にぼし出汁を使用したラーメンスープというのは昭和の昔からあった。多くは鶏ガラや豚ガラと組み合わせた、隠し味的なものだった。2000年代に登場したのが、にぼしが主役の「にぼしスムージー」のような濃厚スープのラーメン。こちらは発祥が青森らしい。

記者はこれに目がない。とんこつ、鶏白湯や背脂ラーメンなど「濃厚」と称されるラーメン系統はいくつかあるが、50歳を回るといくぶんキツくなってきた。しかしこれが「濃厚にぼし」となるとイケるのだ。

記者の推しの1店は新潟市江南区の「中華そば さぶろう」だ。人気店なので新潟のラーメンフリークで知らない人はもぐりである。昼時はほぼ確実に順番待ちが発生する。ただ実に回転が良く、そんなに長く待たされた記憶がない。あと午前10時からやっているので、ありがたい。

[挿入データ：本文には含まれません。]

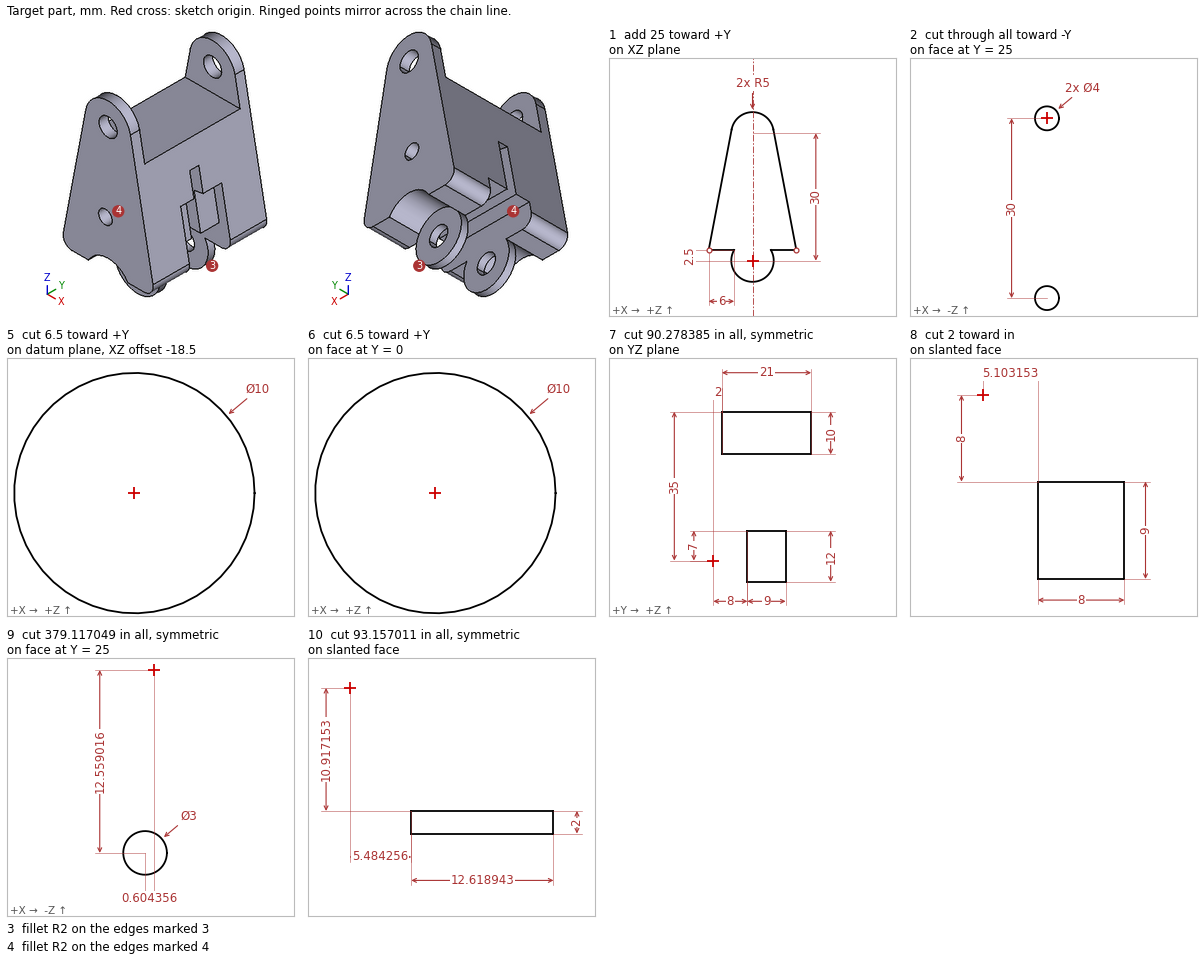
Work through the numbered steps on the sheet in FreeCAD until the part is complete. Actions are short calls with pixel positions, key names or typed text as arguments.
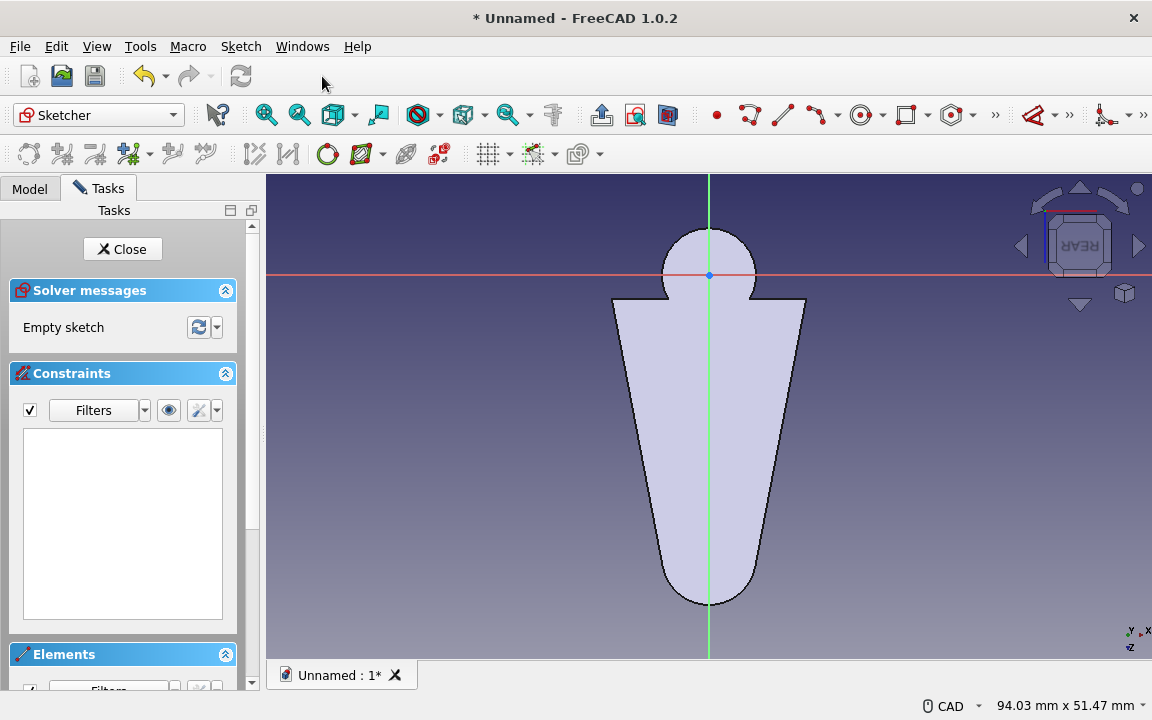
key(g)
key(c)
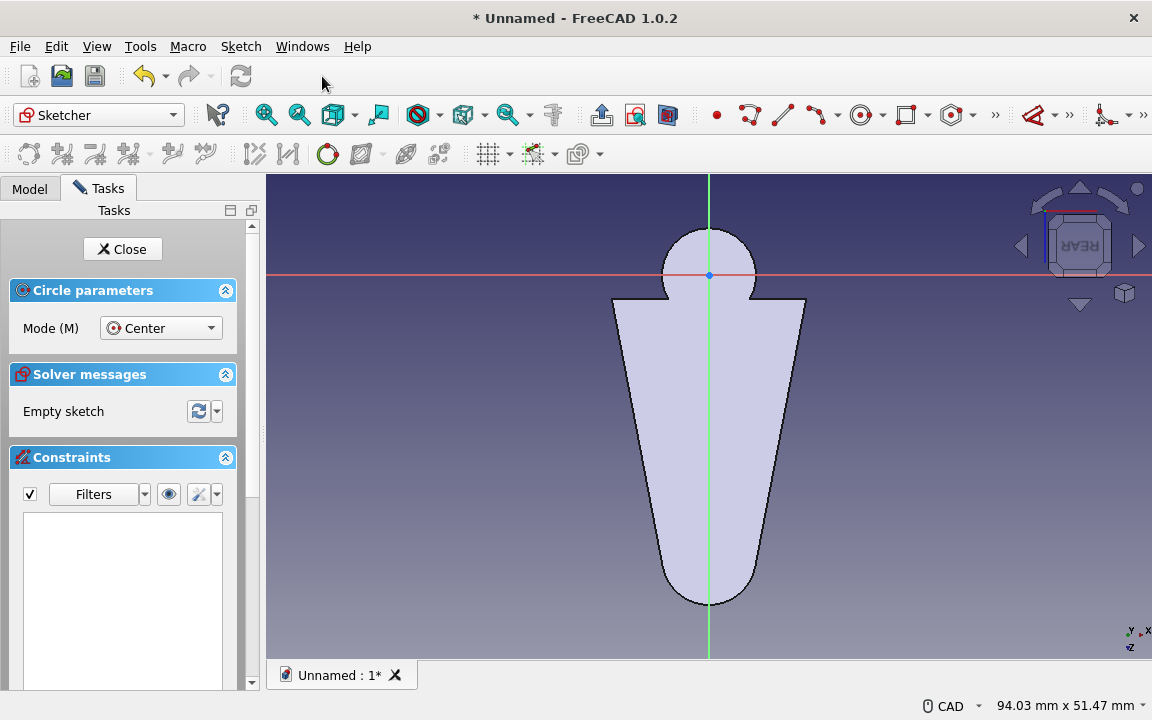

見ていて、実に効率よく稼働されているのがわかるスタッフの皆さん

入り口で券売機で食券を購入。今日は「濃厚肉にぼし(並)」(1000円)と半ライス(100円)で行くとする。

カウンターに座り、周囲を観察。店の奥ににぼしの箱が積まれているのが見える。上質な素材を使っているのだろう。店の規模を考えるとスタッフの数が多め。手際よく動いている。高回転の要因はこれか。

そんなことを考えていると、あっという間に「濃厚肉にぼし(並)」が着丼。オラ、ワクワクすっぞ。

濃厚肉にぼし

見てよ、このスープの「にぼし色」。40年前にいきなりこの様相のラーメンが出てきたら、かなり狼狽したことだろう。令和の今、この色は「美味そう」以外の何物でもないから凄い。

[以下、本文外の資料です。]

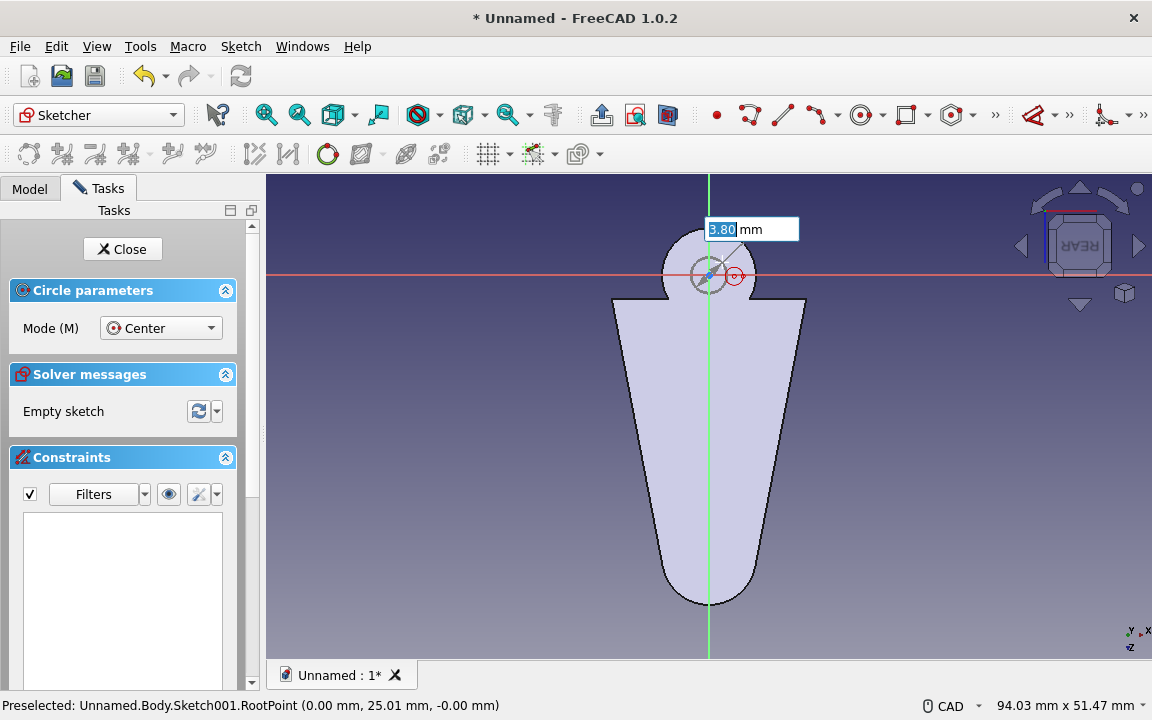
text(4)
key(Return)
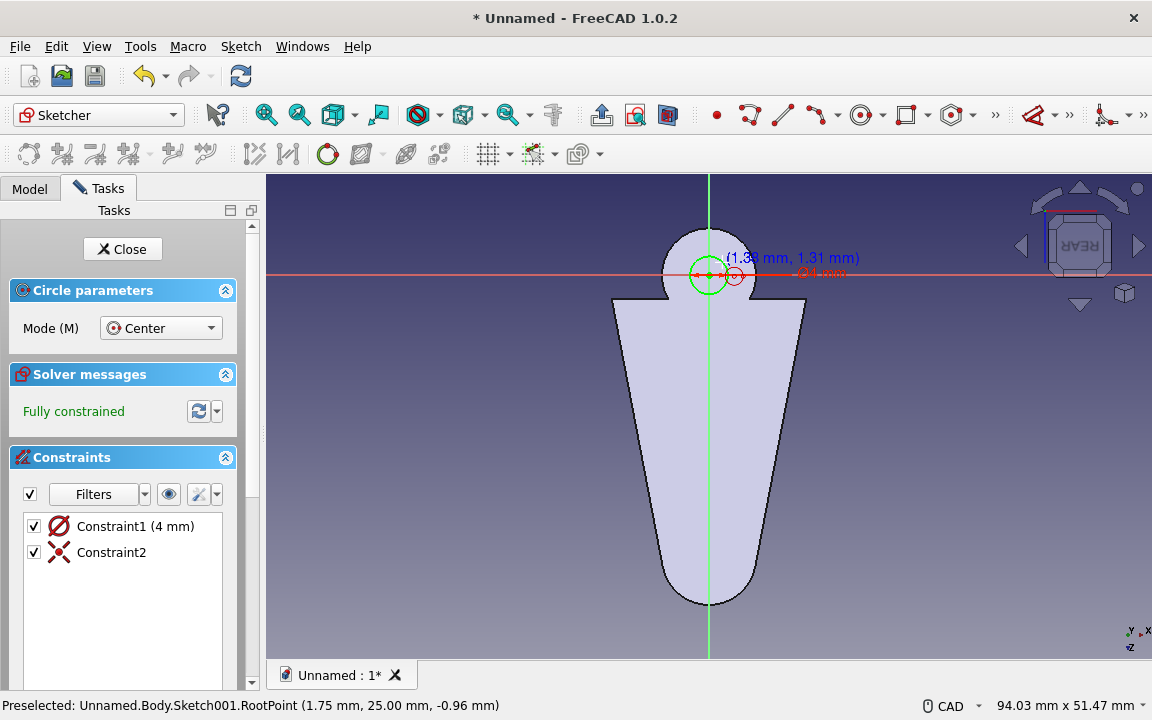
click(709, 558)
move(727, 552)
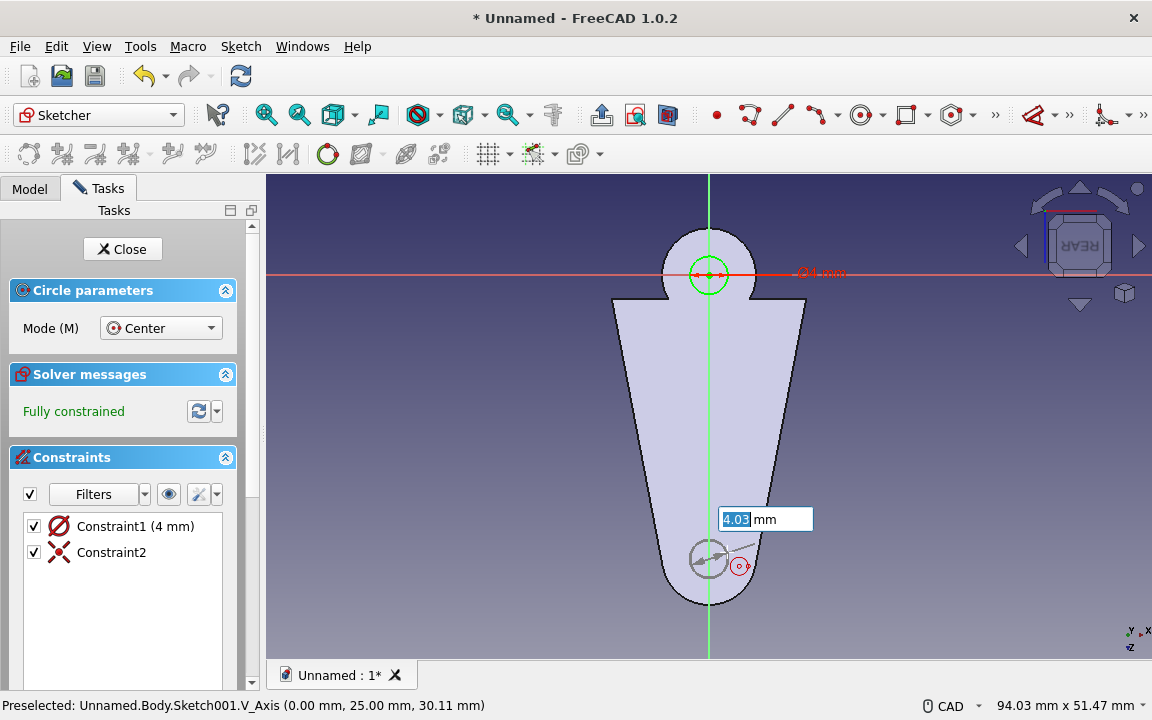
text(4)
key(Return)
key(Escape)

もちろんまずはスープから。うわっ、ビンビンに美味い!にぼしの海にダイブしたかのような「うま味への没入感」。濃厚、うま味が分厚い。うま味BOMB炸裂。一方でまったく嫌味がない。とにかくうま味の純度が高い。にぼしが160キロ越のまっすぐで来る。ちょっと舌先に感触を覚えるくらいの濃厚さだが、にもかかわらず雑味がないキレイなうま味。よほど丁寧な下処理と炊き方をしないと、こうはならないだろう。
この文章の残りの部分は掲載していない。